### What you have to do:
Exact copy, no pictures: return all the data below as written.

### Given data:
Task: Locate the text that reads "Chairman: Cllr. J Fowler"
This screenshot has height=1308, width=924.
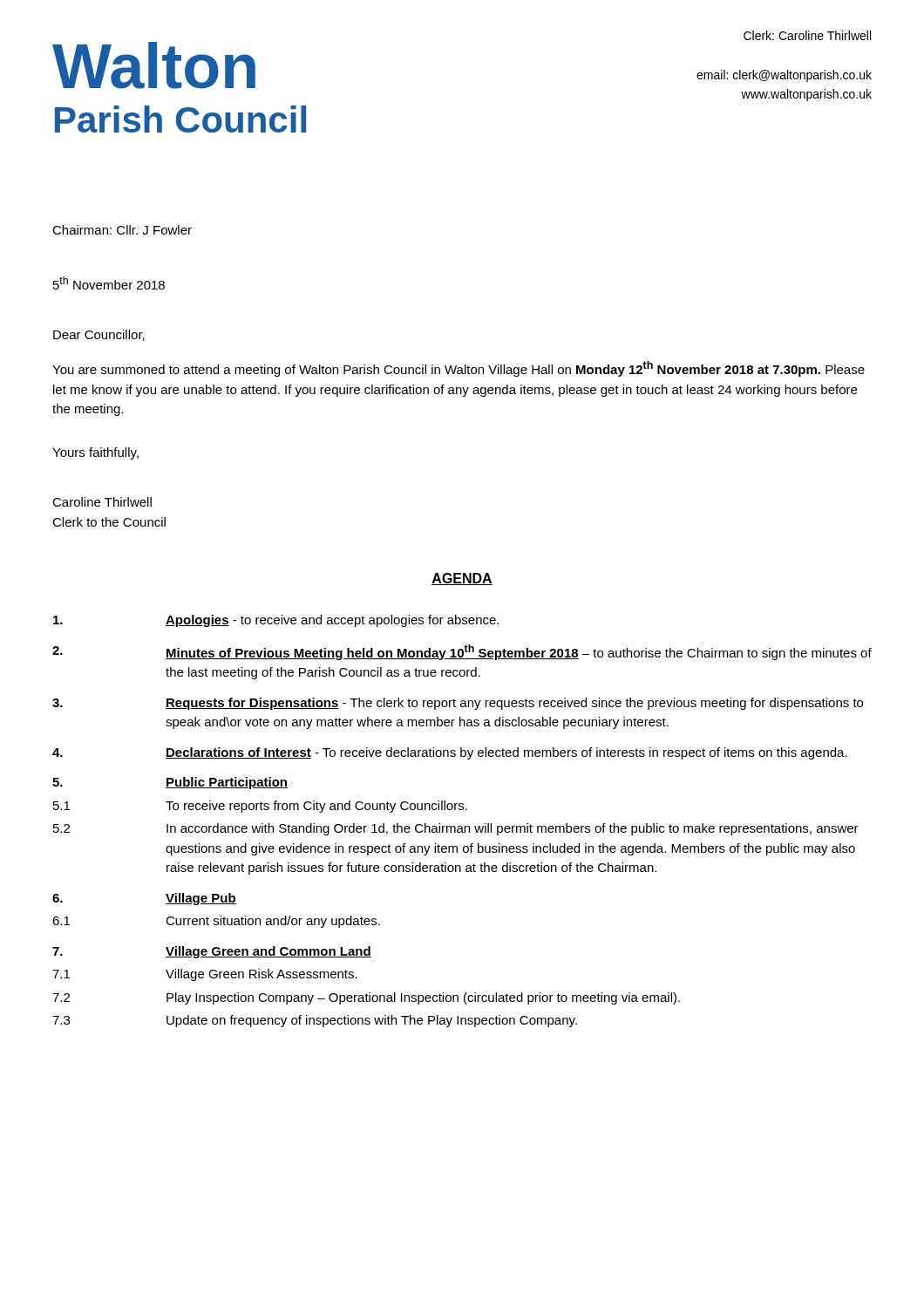Action: pos(122,230)
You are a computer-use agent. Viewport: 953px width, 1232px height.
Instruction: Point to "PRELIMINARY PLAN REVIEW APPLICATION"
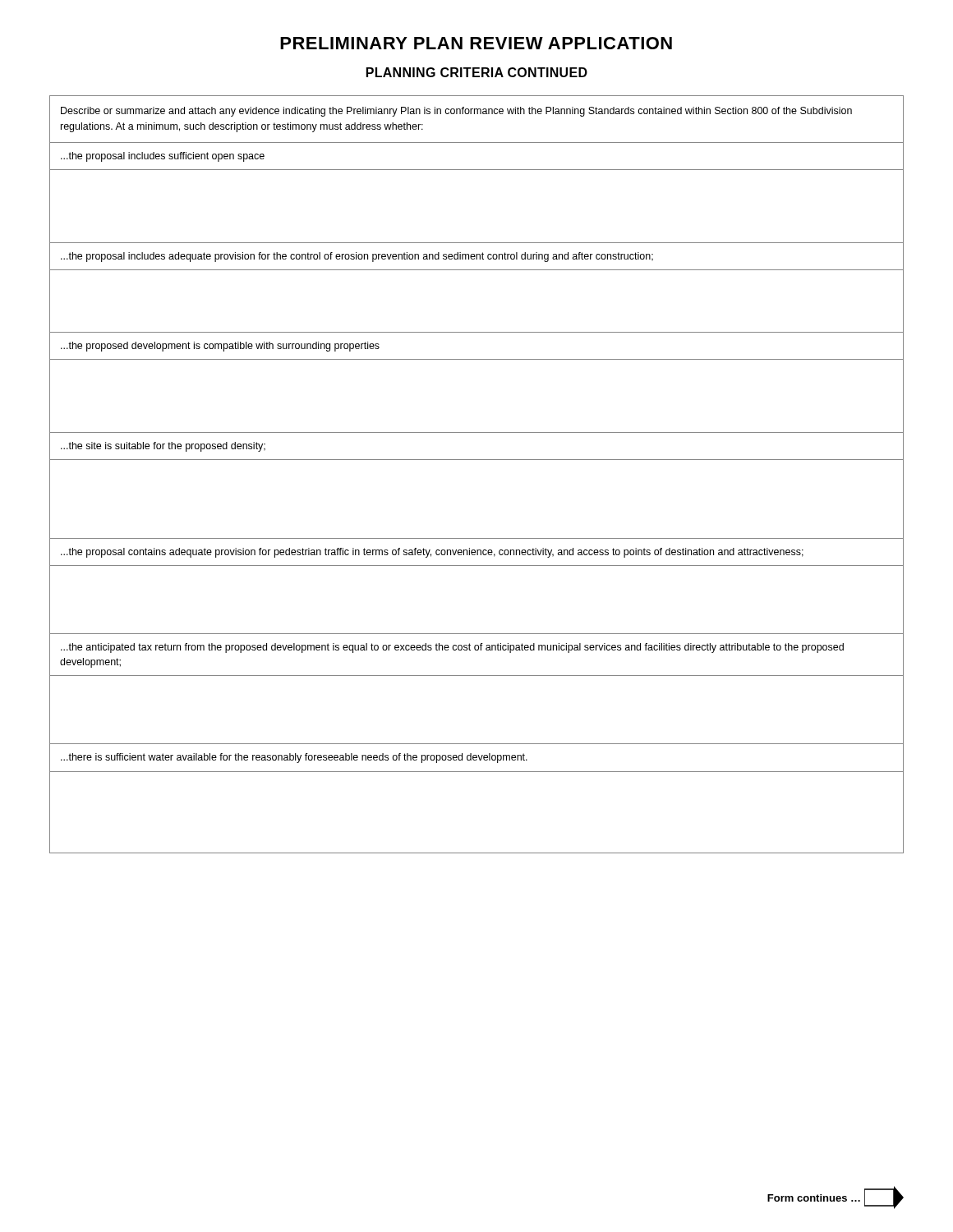click(x=476, y=43)
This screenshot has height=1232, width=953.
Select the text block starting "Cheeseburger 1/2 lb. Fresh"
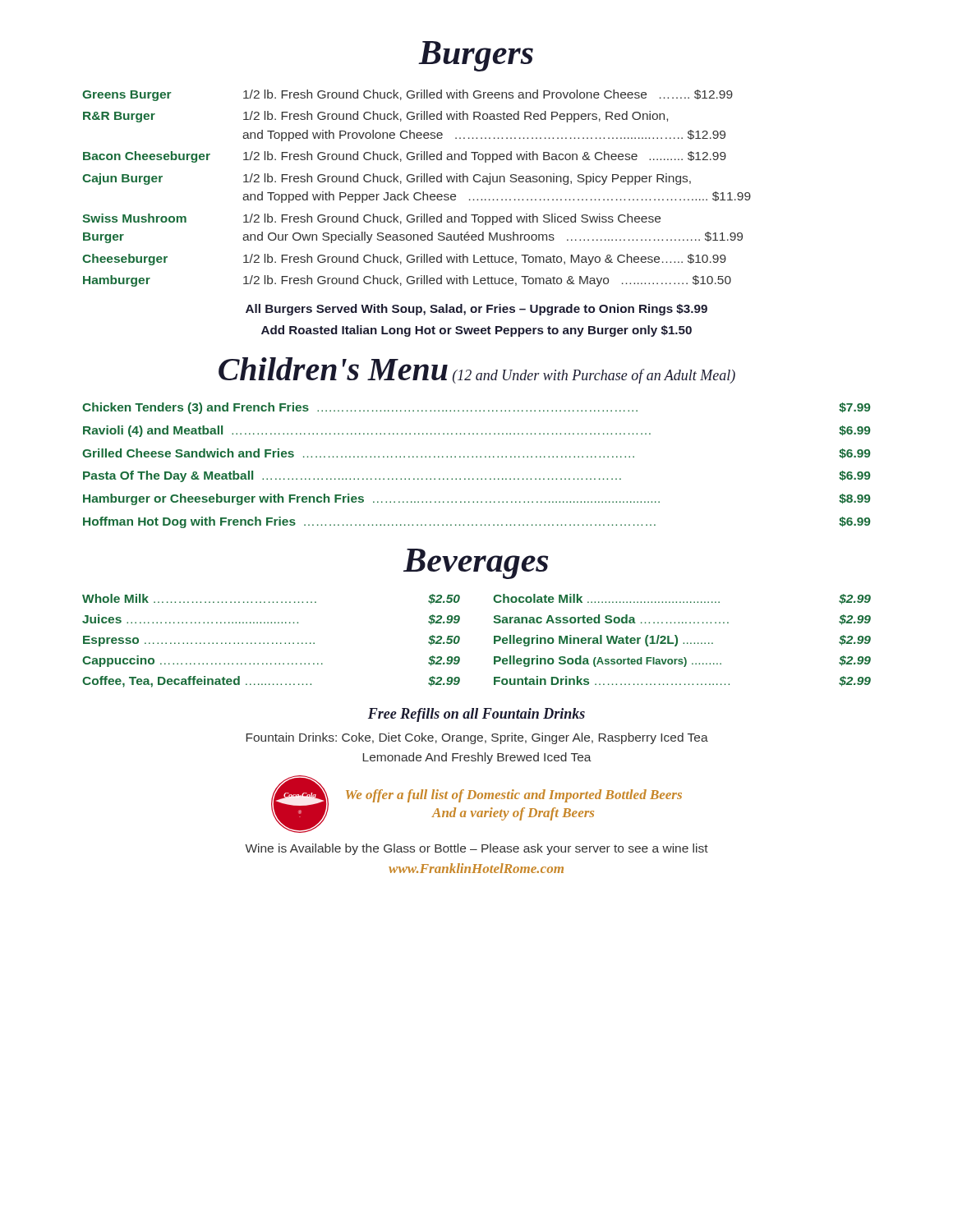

### Final answer:
Task: Locate the text that reads "Chairman: Cllr. J Fowler"
This screenshot has height=1308, width=924.
Action: pos(122,230)
You are a computer-use agent. Viewport: 953px width, 1232px height.
Instruction: Point to "PRELIMINARY PLAN REVIEW APPLICATION"
click(x=476, y=43)
This screenshot has height=1232, width=953.
Select the text block starting "Cheeseburger 1/2 lb. Fresh"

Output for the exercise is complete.